Meet the doctor couple working to tackle high infant mortality rates in rural India

Located in Western Maharashtra, some 1,000 kilometers from Mumbai and bordering Chhattisgarh, Gadchiroli district is a backward rural region. 60 percent of its landmass is covered by forests and 80 per cent of the people live below the poverty line. Indigenous people account for 40 per cent of the district’s population and primitive beliefs and age-old traditions, such as resorting to witchcraft to treat diseases, govern everyday life.

Amidst all of these superstitious practices came a ray of hope to better the healthcare of the region, in the form of a doctor couple. This is their story- the story of Dr. Abhay Bang and Dr. Rani Bang! Kindness for the Bangs became a way to change the dire situation of Gadhchiroli and in their story, they chose to spread kindness through their expertise and dedication to work in the rural areas. For them, kindness had a way through better healthcare facilities.

In 1988, the district’s infant mortality rate (IMR) stood at 121 per 1,000 births, among the highest in the country.

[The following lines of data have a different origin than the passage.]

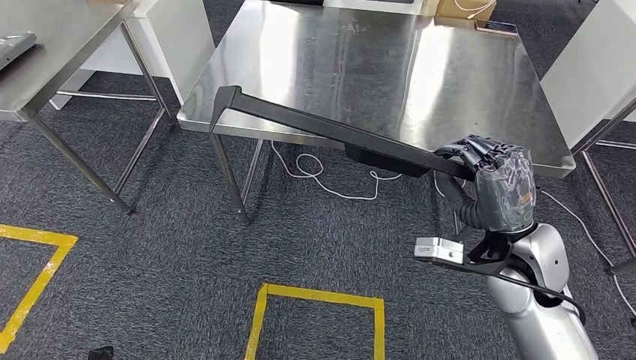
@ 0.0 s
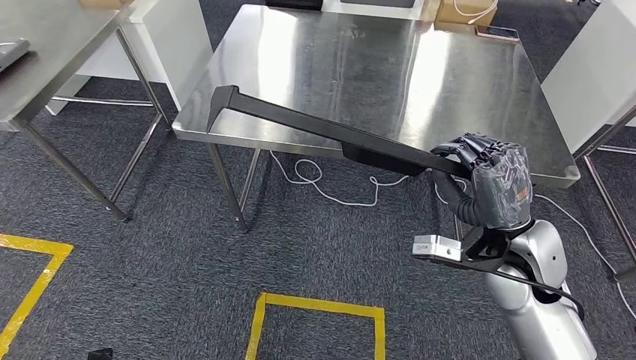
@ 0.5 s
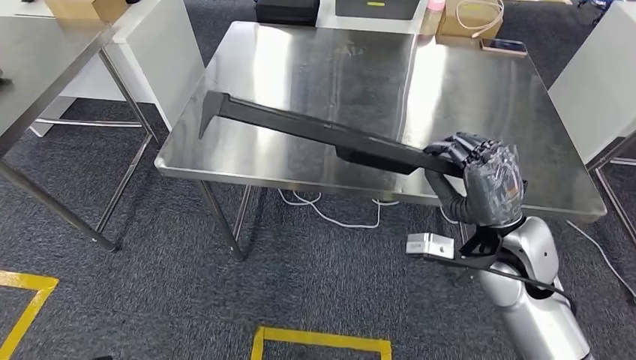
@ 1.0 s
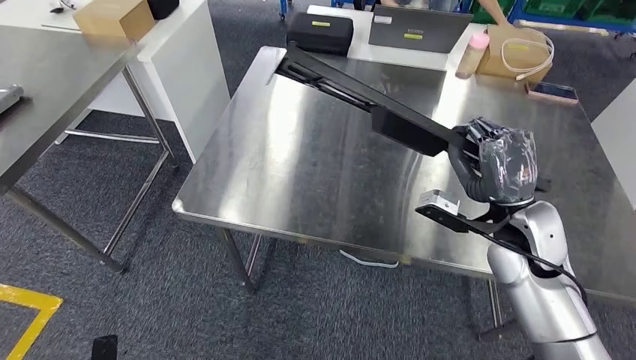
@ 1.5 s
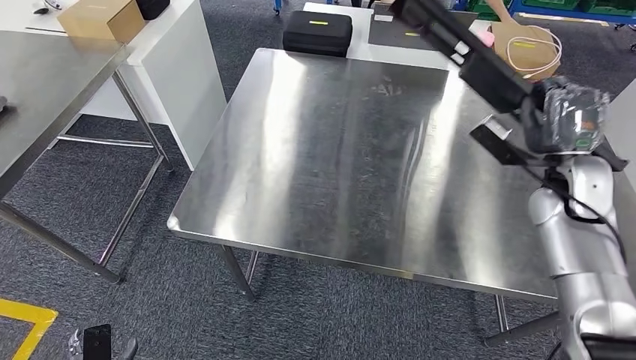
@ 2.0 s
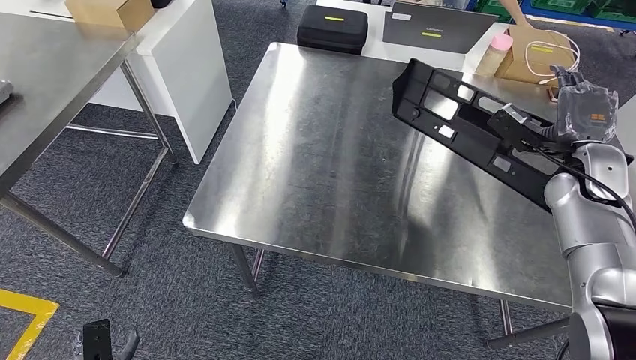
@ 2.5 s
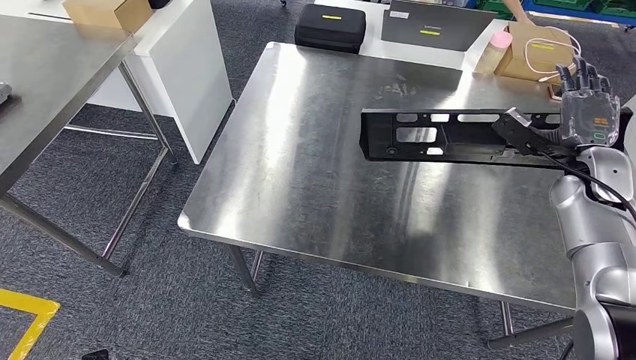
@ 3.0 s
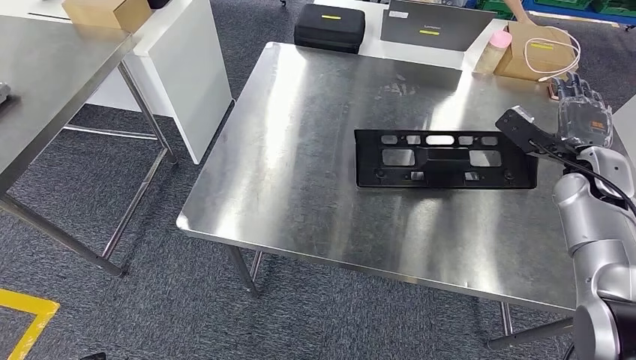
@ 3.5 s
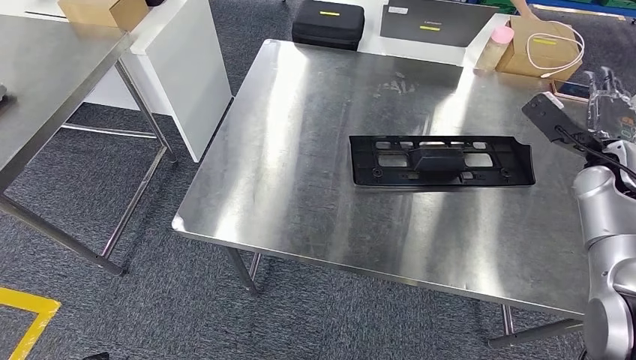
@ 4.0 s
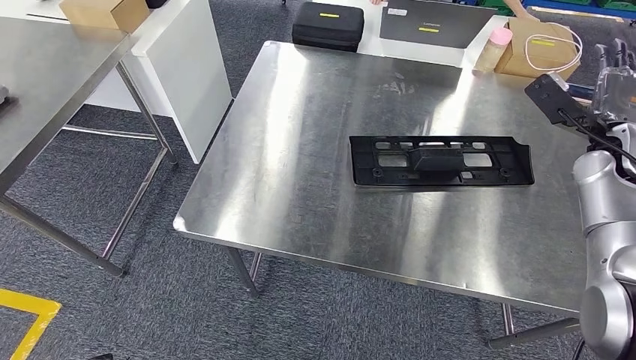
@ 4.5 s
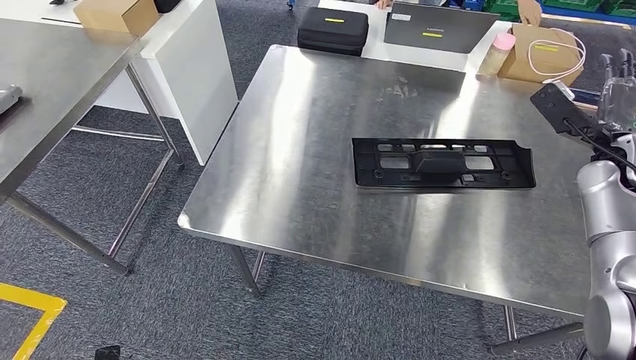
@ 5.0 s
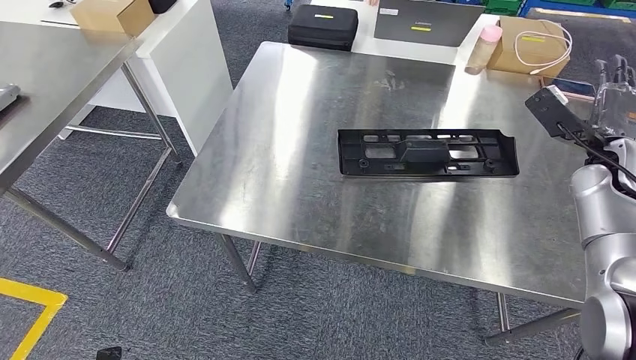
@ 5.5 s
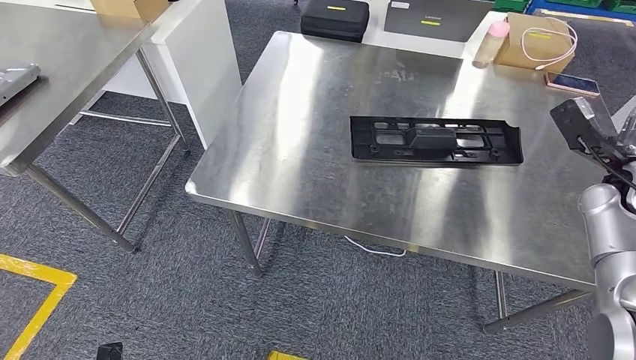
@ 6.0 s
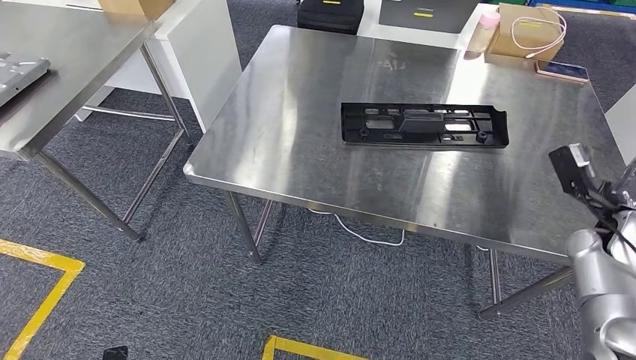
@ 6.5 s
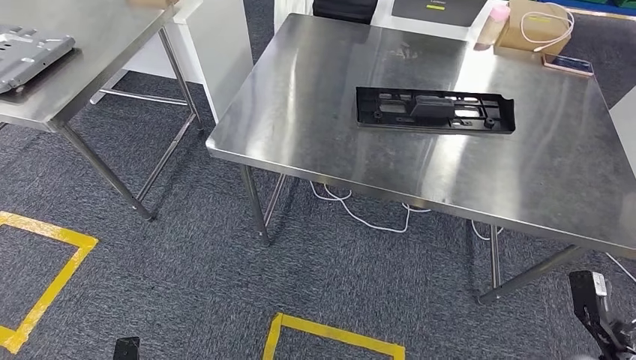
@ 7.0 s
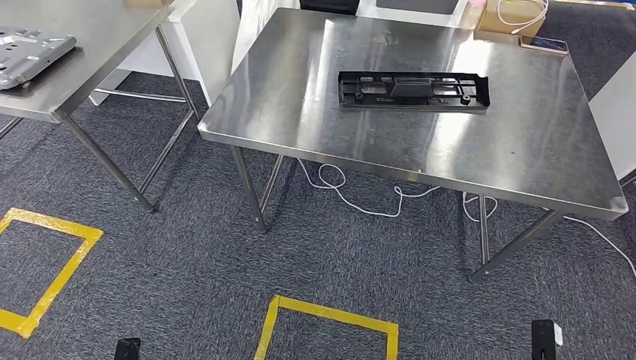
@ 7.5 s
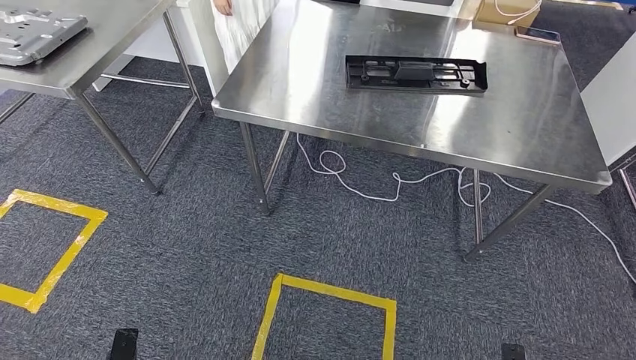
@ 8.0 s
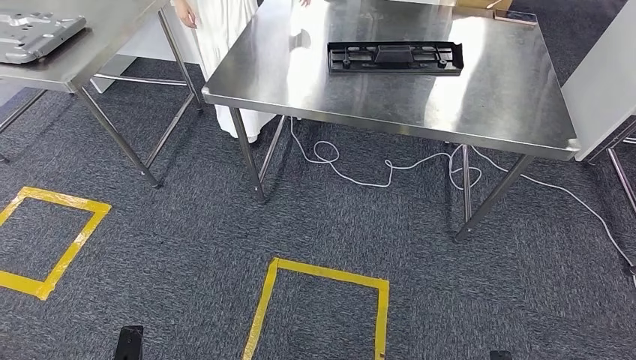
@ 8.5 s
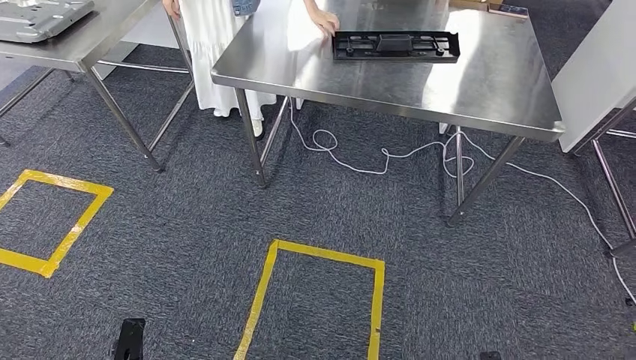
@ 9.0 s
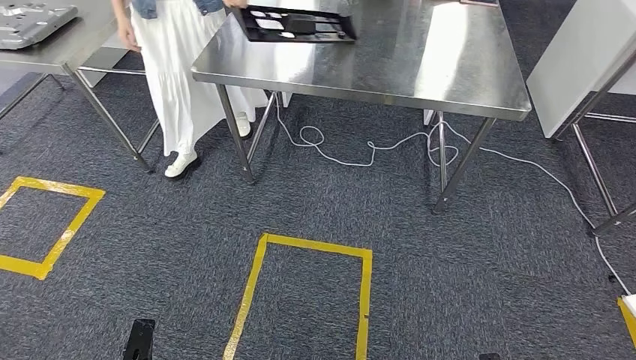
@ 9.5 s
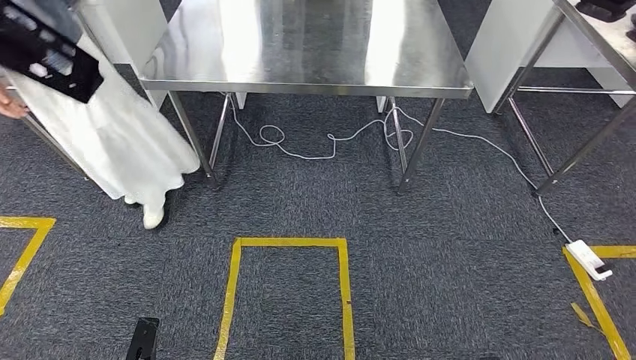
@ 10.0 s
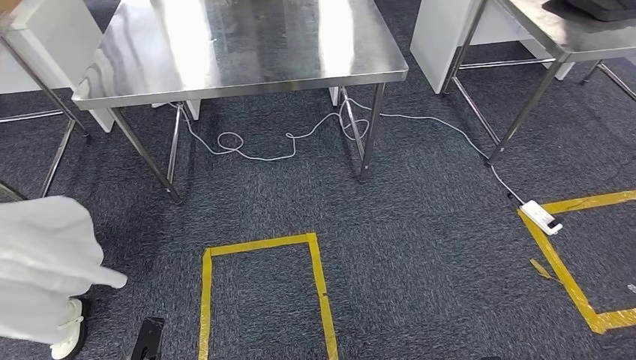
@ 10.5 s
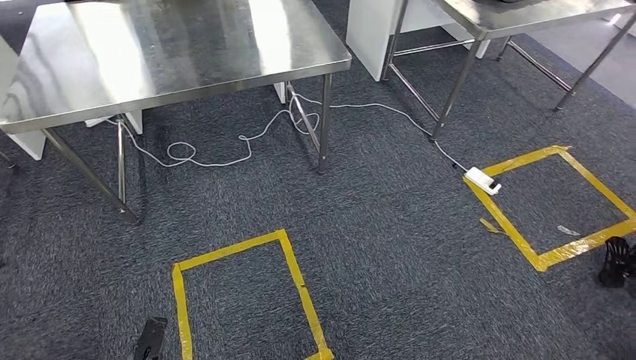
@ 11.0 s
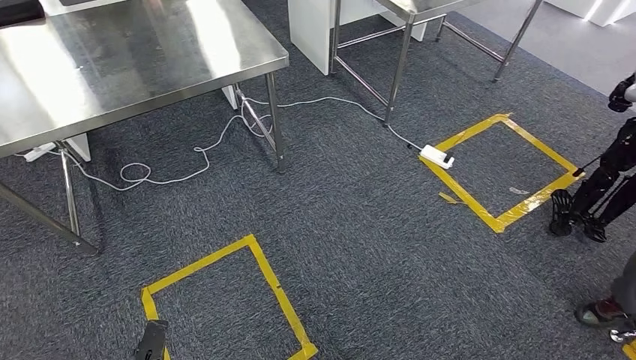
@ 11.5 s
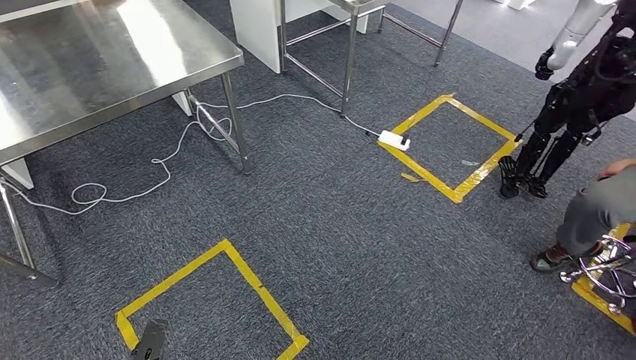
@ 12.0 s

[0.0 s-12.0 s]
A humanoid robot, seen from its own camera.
Step, 0.0 to 5.5 s: Insert the large material into the corresponding slot on the workbench.

A decade and a half later, the IMR in the district saw a steep fall to 30 – equal to the rate in large cities with updated medical facilities. This change came about not because the government suddenly chose to invest heavily in the district’s healthcare but due to the work of this couple- Rani and Abhay Bang. Their home-based newborn care (HBNC) model revolutionized the way infant mortality is approached in rural areas.

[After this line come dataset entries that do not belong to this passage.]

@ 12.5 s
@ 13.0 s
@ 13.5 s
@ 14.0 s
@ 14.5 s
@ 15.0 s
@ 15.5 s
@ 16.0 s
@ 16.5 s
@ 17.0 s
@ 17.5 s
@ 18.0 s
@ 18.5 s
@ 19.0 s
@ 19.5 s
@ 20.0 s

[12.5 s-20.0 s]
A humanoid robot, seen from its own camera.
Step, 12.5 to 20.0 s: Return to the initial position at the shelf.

The success of this model is nowhere to be beaten. Today, the Government of India is training 8.19 lakh village health workers under its Asha programme. HBNC has reached more than 11 million newborns across six lakh villages and continues to do so. 

The results are beginning to show. According to a 2016 study by Prabhat Jha of the Centre for Global Health Research, India prevented about one million child deaths between 2005 and 2015. HBNC has played a key role in this. Six African countries embraced this model in 2005-06. The success of how Abhay and Rani continue to provide care and support is beyond words.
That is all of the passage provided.